Le stranezze erano emerse infatti sin dalle prove preselettive del 2012, nelle quali alcuni candidati rispondono esattamente ai quesiti con percentuali da premio Nobel: dall’80% al 100 % di risposte esatte. Si fanno gli scritti e, con sorpresa di tutti, escono 2 tracce che corrispondono ad una circolare e a un corso opera di un commissario interno. I sospetti iniziano a prendere corpo, fioccano le prime interrogazioni parlamentari. Agenzia delle Dogane e Commissione non ne tengono conto, vanno avanti a testa bassa e si fanno gli orali.

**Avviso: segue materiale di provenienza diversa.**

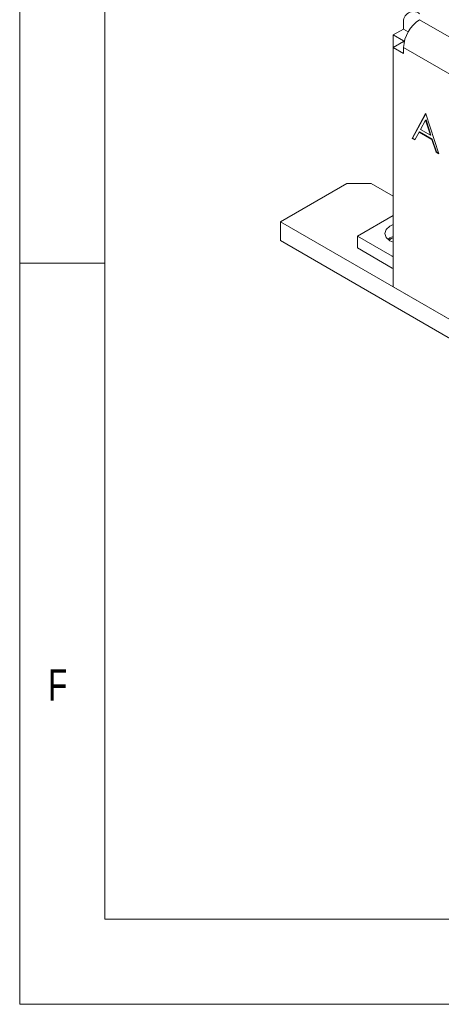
# Model space of a CAD drawing. Header units: inches. Extents: x 0.2 to 16.3, y 0.2 to 11.5.
# Tile 1 of 23: x 0.2 to 1.2, y 0.2 to 2.5. Entities that reach past the tile are written whole.
import ezdxf

# ---------------------------------------------------------------- set-up
doc = ezdxf.new("R2010")
doc.units = ezdxf.units.IN
doc.header["$MEASUREMENT"] = 0
doc.styles.add('SLDTEXTSTYLE0', font='TXT', dxfattribs={"width": 0.75})

msp = doc.modelspace()

# ---------------------------------------------------------------- linework, layer by layer
at = {"color": 7, "linetype": 'Continuous', "lineweight": 0}
for p, q in [((0.1969, 11.4961), (0.1969, 0.1969)), ((0.3937, 11.2992), (0.3937, 0.3937)), ((0.3937, 1.9094), (0.1969, 1.9094)), ((0.3937, 0.3937), (8.9685, 0.3937)), ((0.1969, 0.1969), (16.3386, 0.1969))]:
    msp.add_line(p, q, dxfattribs=at)
at = {"color": 7, "linetype": 'Continuous', "lineweight": 15}
for p, q in [((1.0849, 2.4645), (1.0849, 2.4508)), ((1.1221, 2.4724), (2.9097, 1.4404)), ((1.0849, 2.4508), (1.0611, 2.4371)), ((1.0846, 2.4235), (1.0611, 2.4371)), ((1.0611, 2.4371), (1.0611, 2.408)), ((1.0849, 2.4508), (1.0958, 2.4446)), ((1.0846, 2.4216), (1.0611, 2.408)), ((1.0875, 2.4251), (1.0846, 2.4235)), ((1.0846, 2.4235), (1.0846, 2.4216)), ((1.0846, 2.4216), (1.0863, 2.4206)), ((1.0611, 1.8549), (1.0611, 2.408)), ((1.0611, 2.408), (1.0849, 2.3942)), ((1.0849, 2.4079), (2.8724, 1.3759)), ((1.0849, 2.3942), (1.0849, 2.4079)), ((1.1356, 2.2553), (1.1048, 2.1981)), ((1.1361, 2.255), (1.1057, 2.1986)), ((1.1365, 2.2548), (1.1356, 2.2553)), ((1.1664, 2.1625), (1.1365, 2.2548)), ((1.136, 2.2405), (1.1242, 2.2186)), ((1.1369, 2.241), (1.136, 2.2405)), ((1.1474, 2.2052), (1.136, 2.2405)), ((1.1483, 2.2057), (1.1369, 2.241)), ((1.1112, 2.1944), (1.121, 2.2127)), ((1.122, 2.2133), (1.121, 2.2127)), ((1.121, 2.2127), (1.1505, 2.1957)), ((1.122, 2.2133), (1.1514, 2.1963)), ((1.1242, 2.2186), (1.1474, 2.2052)), ((1.1057, 2.1986), (1.1048, 2.1981)), ((1.1048, 2.1981), (1.1112, 2.1944)), ((1.1057, 2.1986), (1.1116, 2.1952)), ((1.1483, 2.2057), (1.1474, 2.2052)), ((1.1514, 2.1963), (1.1505, 2.1957)), ((1.1505, 2.1957), (1.1601, 2.1662)), ((1.1514, 2.1963), (1.161, 2.1667)), ((1.161, 2.1667), (1.1601, 2.1662)), ((1.1601, 2.1662), (1.1664, 2.1625)), ((1.161, 2.1667), (1.166, 2.1638)), ((0.9533, 2.094), (0.8001, 2.0055)), ((1.0099, 2.094), (0.9533, 2.094)), ((1.0611, 2.0645), (1.0099, 2.094)), ((0.8001, 1.962), (0.8001, 2.0055)), ((0.8001, 2.0055), (3.1572, 0.6449)), ((1.0611, 2.0201), (0.9781, 1.9722)), ((0.8001, 1.962), (3.1572, 0.6013)), ((0.9781, 1.9722), (0.9781, 1.945)), ((0.9781, 1.9722), (1.0587, 1.9257)), ((0.9781, 1.945), (1.0587, 1.8985)), ((1.0611, 1.927), (1.0587, 1.9257)), ((1.0611, 1.9245), (1.0587, 1.9257)), ((1.0587, 1.8985), (1.0611, 1.8972)), ((2.8962, 0.7955), (1.0611, 1.8549))]:
    msp.add_line(p, q, dxfattribs=at)
at = {"color": 7, "linetype": 'Continuous', "lineweight": 15, "flags": 128}
for points in [[(1.0611, 1.9579), (1.0535, 1.9613), (1.0445, 1.9691), (1.0413, 1.9783), (1.0445, 1.9875), (1.0535, 1.9953), (1.0611, 1.9988)], [(1.0486, 1.9647), (1.0535, 1.9681), (1.0611, 1.9716)], [(1.0514, 1.9626), (1.0566, 1.9664), (1.0611, 1.9686)]]:
    msp.add_lwpolyline(points, dxfattribs=at)
at = {"color": 7, "linetype": 'Continuous', "lineweight": 15}
for centre, radius, start, end in [((1.1076, 2.4681), 0.023, 50.7967, 189.2142), ((1.1657, 2.4042), 0.0809, 122.6055, 177.3945)]:
    msp.add_arc(centre, radius, start, end, dxfattribs=at)

# ---------------------------------------------------------------- texts
at = {"color": 7, "linetype": 'Continuous', "lineweight": 0, "insert": (0.2625, 0.9712), "char_height": 0.0729, "attachment_point": 1, "style": 'SLDTEXTSTYLE0'}
msp.add_mtext('F', dxfattribs=at)

doc.saveas('drawing.dxf')

Nel frattempo cinque funzionari fanno ricorso, in seguito al quale due sentente del Tar del Lazio portano all’annullamento della graduatoria finale: dalla documentazione era emerso infatti che il dirigente generale delle Dogane, quel famoso commissario interno, aveva corretto da solo gli elaborati togliendo di mezzo il 90% dei concorrenti; non solo, l’efficienza della commissione risulta prodigiosa: in un sol giorno corregge 178 temi con una media di 2 minuti e 42 secondi, troppo pochi considerando che solo per leggere un tema, come provato nel processo, ce ne volevano dagli 8 ai 12. Ma c’è di più.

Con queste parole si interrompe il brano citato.